How to envision a new reality: Tips from the ancient dreamers

Kathy Crabbe, Take me to your playground, 2012, acrylic and charcoal on canvas, 48 x 48”. While reading the Seth Material (printed below) please be aware that this is channeled information received by Jane Roberts from Seth, “an energy personality essence no longer focused in physical form”. Many people find this kind of writing transports them creatively into other worlds and dimensions.

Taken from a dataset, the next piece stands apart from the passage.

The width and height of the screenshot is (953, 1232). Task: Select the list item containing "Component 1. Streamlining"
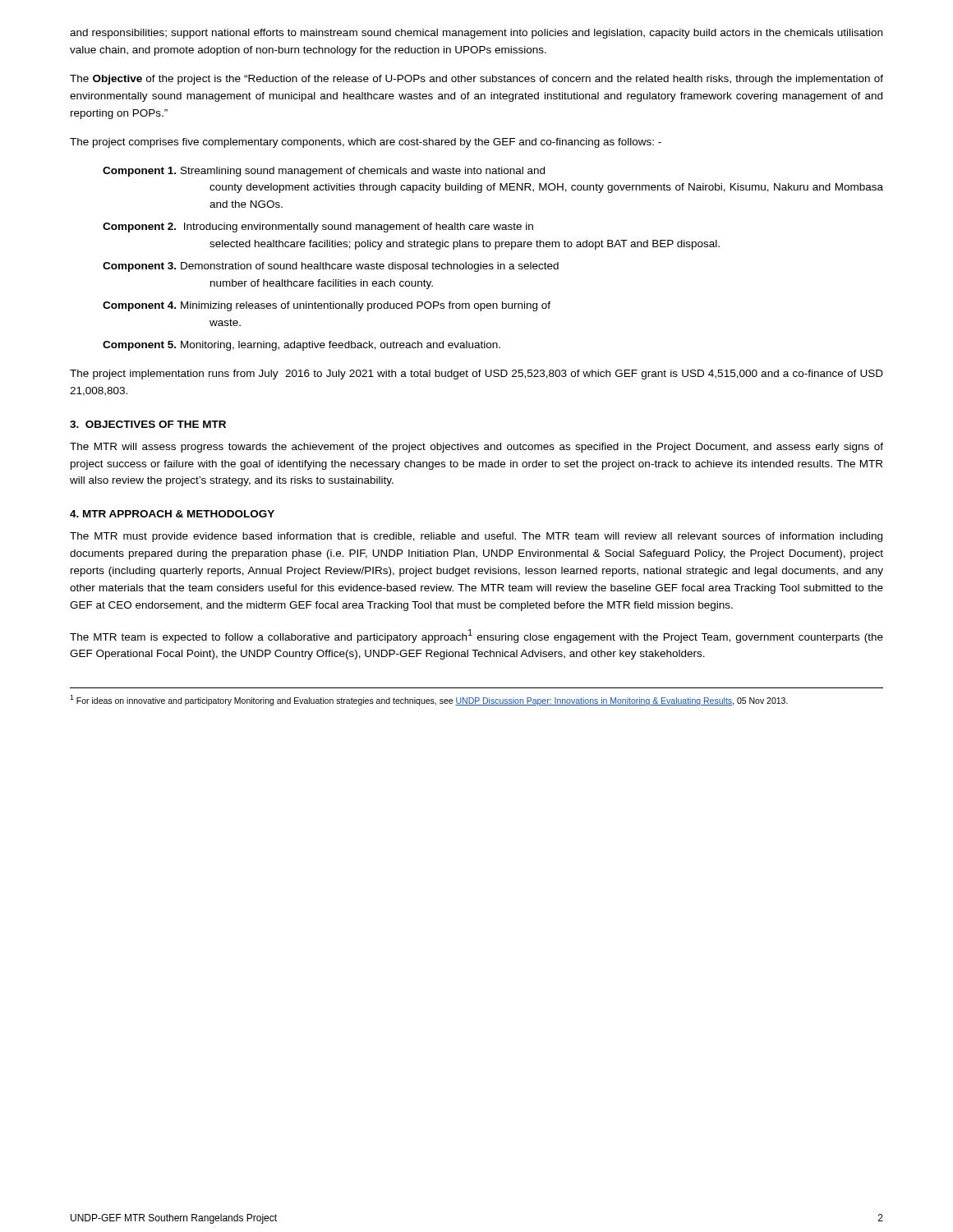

The text below about the ancient dreamers clicked with me instantly so I'd like to share with you how it relates to my work. When I began my current series of paintings, Journey into Intimacy I too radically slowed my pace of living; editing and simplifying, putting my painting and drawing at the forefront. My inner compass has always been guided by my dreams and I feel a natural affinity with the ancient cave painters, and with vedic scribes and medieval monks; creators of the illuminated manuscripts. I also believe that we can heal and create our reality using our thoughts, dreams and visions as a starting point. But now, with my current work I am expanding that personal vision, just as the ancient dreamers and cave painters did, into the external world. My dreams are my paintings and, like the ancient dreamers, invite you to step into a new world and envision a new reality.

My first painting on canvas from the Journey into Intimacy series is titled "Take me to your playground" (see above) which quite literally is an invitation, but an invitation to what sort of playground is unclear, leaving room for imagination - that part is up to you. Please feel free to share your thoughts, comments and visions below.

Notes from the Seth Material by Jane Roberts

There is a great underlying unity in all of man's so-called early cultures - cave drawings and religions - because they were all fed by that common source, as man tried to transpose inner knowledge into physical actuality.

The body learned to maintain its stability, its strength and agility, to achieve a state of balance in complementary response to the weather and elements, to dream computations that the conscious mind alone could not hold. The body learned to heal itself in sleep in its dreams - and at certain levels in that state even now each portion of consciousness contributes to the health and stability of all other portions. Far from the claw-and-dagger universe, you have one whose very foundation is based upon the loving cooperation of all of its parts.

These ancient dreams were shared to some extent by each consciousness that was embarked upon the earthly venture, so that creatures and environment together formed great environmental realities. Valleys and mountains, and their inhabitants, together dreamed themselves into being and coexistence.

The species - from your viewpoint - lived at a much slower pace in those terms. The blood, for example did not need to course so quickly through the veins, the heart did not need to beat so fast.

Gravity itself did not carry its all pervasive sway, so that the air was more buoyant. Man was aware of its support in a luxurious, intimate fashion. He was aware of himself in a different way, so that, for example, his identification with the self did not stop where his skin stopped: He could follow it outward into the space about his form, and feel it merge with the atmosphere with a primal sense-experience that you have forgotten.

In a fashion those ancient dreams, through their immense creativity, dreamed all of life's creatures in all of their pasts, presents, and futures - that is, their dreams opened up the doors of space and time to entities that otherwise would not have been released into actualization, even as, for example, the units of consciousness were once released from the mind of All That Is.

Dreams, "Evolution," and Value Fulfillment Vol. 1, A Seth Book by Jane Roberts

What artists do

Kathryn V. Crabbe, Opening, 2012, pencil on paper, 8.5 x 11”.

I think that what artists do is they invent strategies that allow themselves to see in a way that they haven't seen before - to extend their vision. ~ Richard Serra, art:21 Art in the Twenty-First Century, Essay by Susan Sollins.

My morning strategy involves drawing outside in order to 'capture' the seasons, things that move me, oddities, old tools and other found objects.

Kathy Crabbe, Fallen, 2012, pencil on paper, 8.5 x 11”.

See more here: Drawings

Raw in the Sea of Love

In Process. Acrylic & pastel on masonite, 48 x 48 inches. © 2011 by Kathy Crabbe As I focus on the painting I block all else out although the trees shimmer and beckon inviting my poetical mind to play. I rest my head, my brain heavy, calling upon my stillness. Eyes closed, I prepare to emote, to be vulnerable, sexual and raw in my mark making. To sing, to live, to be fully alive, awake and free.

"Down here in the Sea of Love where everyone would love to drown." ~ Fleetwood Mac, Sara

AbEx

Finding Heaven. Acrylic & pastel on masonite, 48 x 48 inches. © 2011 by Kathy Crabbe

"I have never thought that abstract painting was non objective. Abstract Expressionism is about attitude, change, and ideas. Non objective paintings are simply decorative. Without concepts, paintings become another medium that is described by the materials used, like ceramics or fiber art." ~ Richard Jackson, Art Forum Magazine, Summer 2011

I want to fall in love again with each painting I do.